She must say it to Imogen a thousand times. Sometimes out loud, sometimes just in her head – no, no, I need to get this right, it’s for Imogen – and sometimes she doesn’t say it at all; sometimes Imogen will open her bag and find a little toy horse that neighs and whickers, or a glowing Catha that she can hold in the palm of her hand. She learns to fall asleep to Laudna’s vague muttering, the clicking of her tools, the clicking of her mind as it purrs along to itself. And in the morning Laudna will hand Imogen a wand made of chicken bones, a robe with embroidered red flowers, a pair of boots she has cobbled together out of scraps and nothing: I made this for you. I made this for you. I made this for you.
Tonight, Laudna is cooking them supper (I made this for you). Imogen has a hard time watching her take the rabbits apart – instead she’s leaving Laudna to her work, and lying on her back to watch the stars. She can still hear the sounds, but that’s more reasonable.
“Laudna?” she says.
A sudden, thrilled ringing from Laudna’s mind: she said my name! The dissection stops. “Imogen?”
“You’ve made me so many beautiful things,” Imogen says. “Don’t you ever...I mean, are you gonna make something for yourself?”
“I made Pâté,” Laudna says instantly. (“Hi,” Pâté says.) “And I don’t really need anything. I quite like this skirt. Do you think I need a new skirt?”

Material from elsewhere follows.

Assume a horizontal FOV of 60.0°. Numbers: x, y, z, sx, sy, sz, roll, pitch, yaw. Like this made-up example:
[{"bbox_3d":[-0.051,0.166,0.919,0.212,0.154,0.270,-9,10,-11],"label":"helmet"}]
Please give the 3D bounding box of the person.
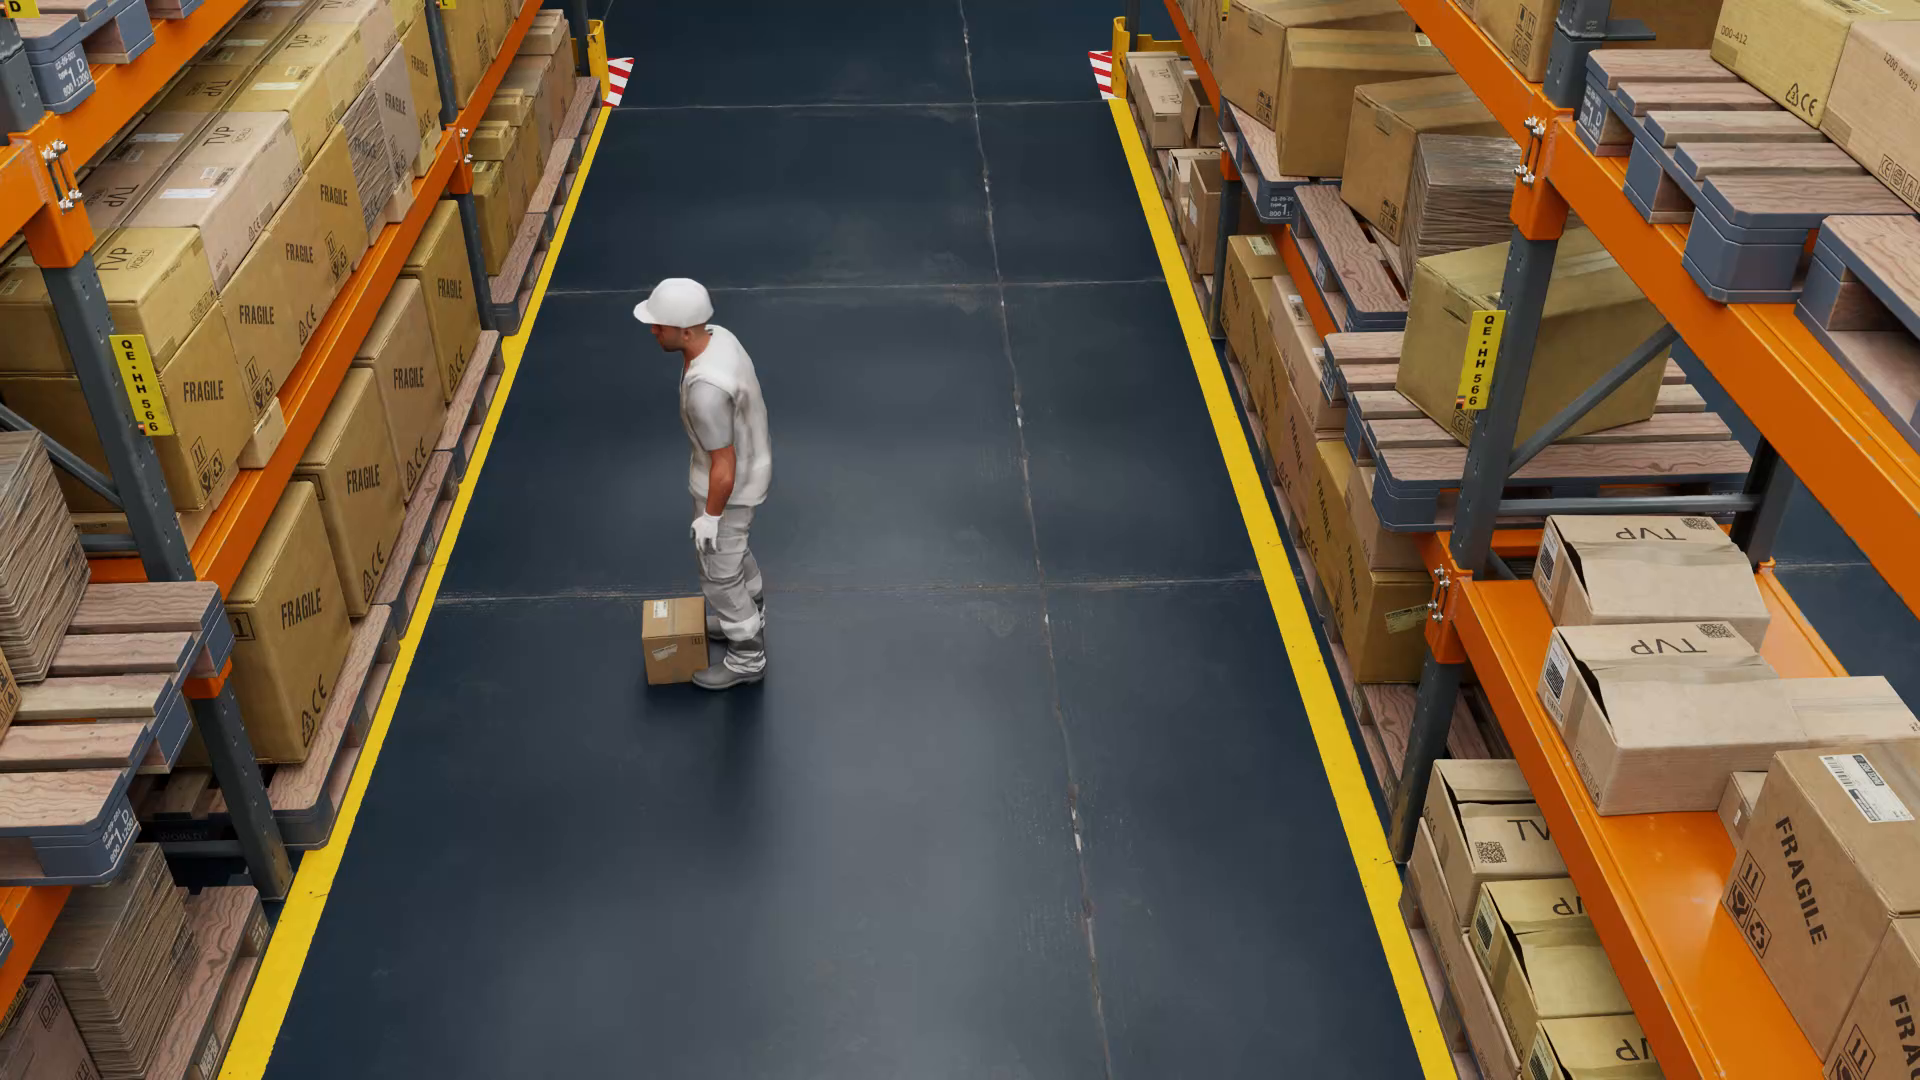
[{"bbox_3d":[-0.947,-0.212,6.436,0.453,1.779,0.621,-2,35,-3],"label":"person"}]
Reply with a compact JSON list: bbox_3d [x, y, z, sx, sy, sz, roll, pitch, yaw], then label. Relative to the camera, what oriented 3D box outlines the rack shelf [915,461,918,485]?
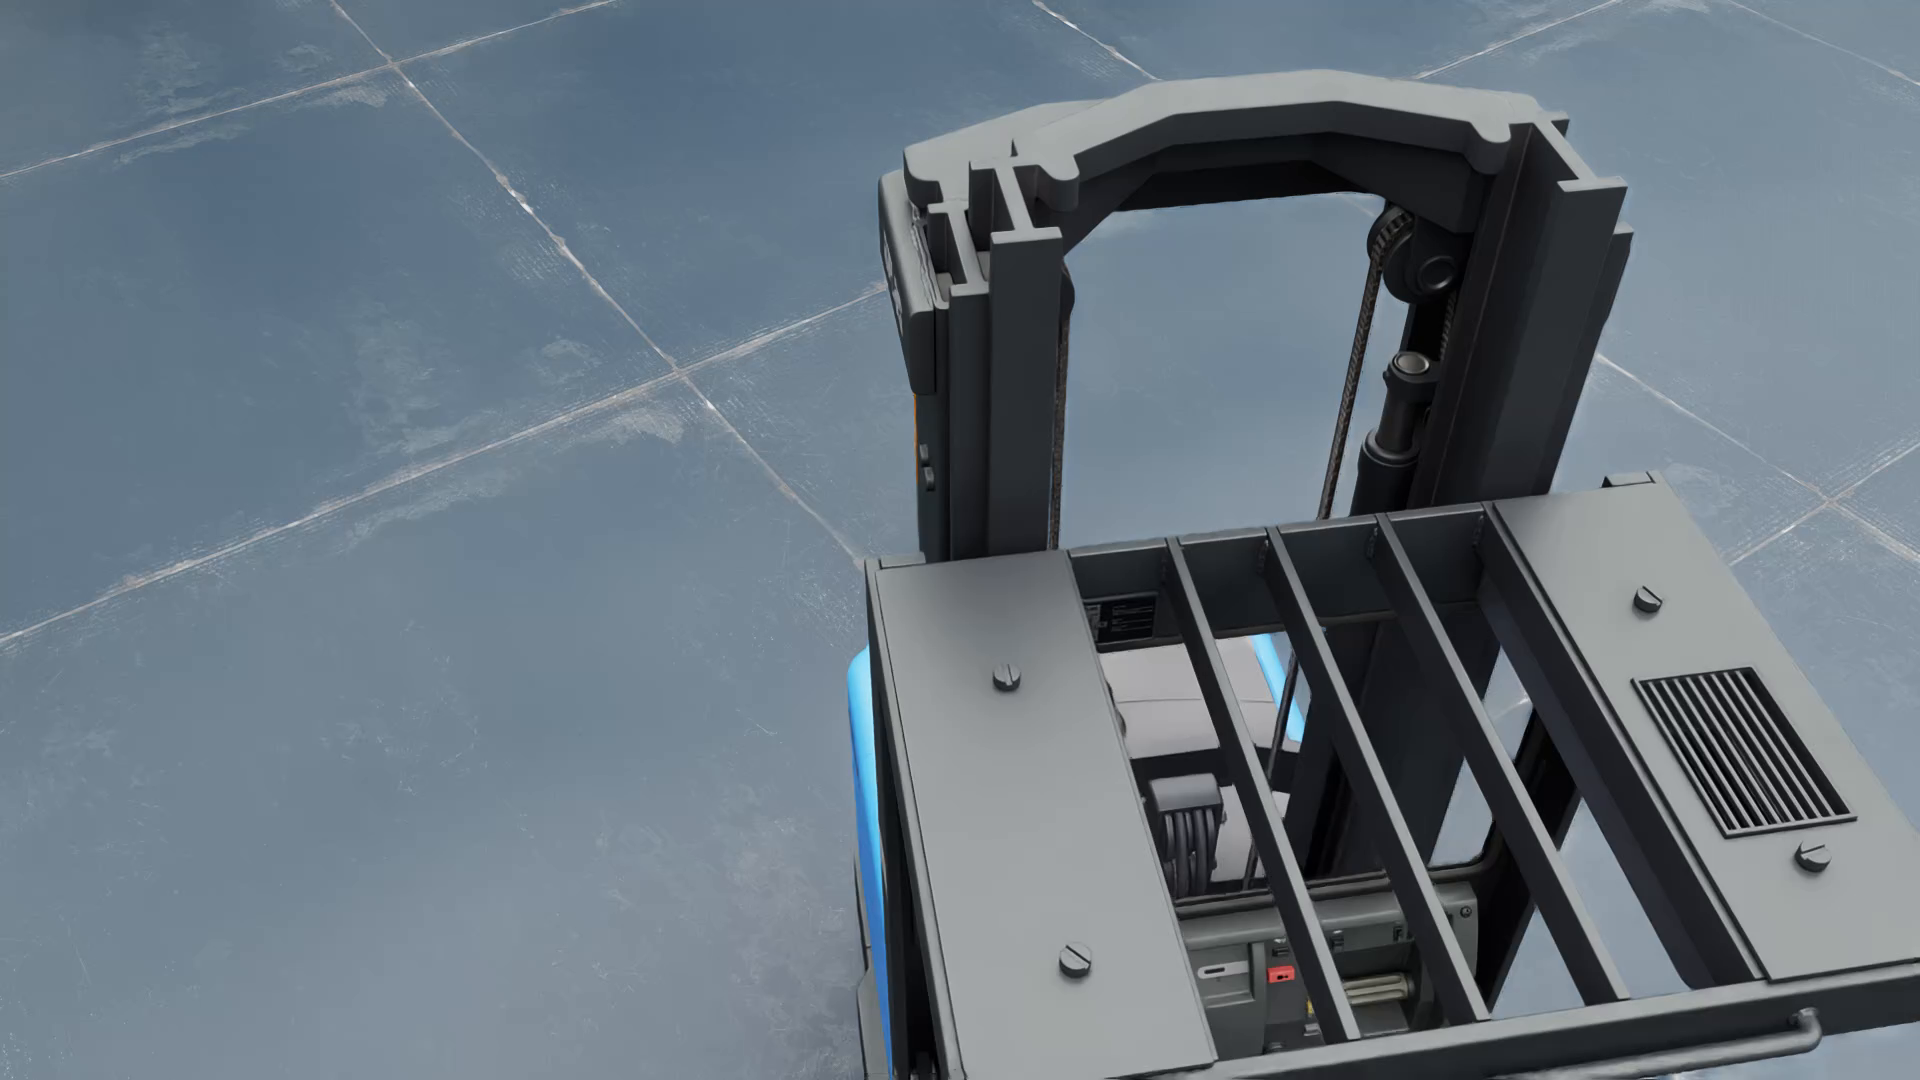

“No,” Imogen says; she swallows, smothers the feeling so she can say: “It’s lovely.”
“Do you really think so?”
“I do.”
Laudna makes a delighted little sound (which is beautiful) and then brings down the meat cleaver (which is not). Imogen winces despite herself. She could cover her ears, she could talk in their heads – but that’ll make Laudna so sad, and Imogen doesn’t want to make her sad. Besides, she should get real acquainted with that rabbit: its bones are going to end up in her bag soon, one way or another.
“I mean,” Imogen says, “it’s not about needing, right? Just...don’t you want pretty things? A moon? A—”
Laudna gasps hugely, like Imogen has just said the world’s most intelligent possible sentence. “I could make Ruidus!” she yelps in delight. “We could match!”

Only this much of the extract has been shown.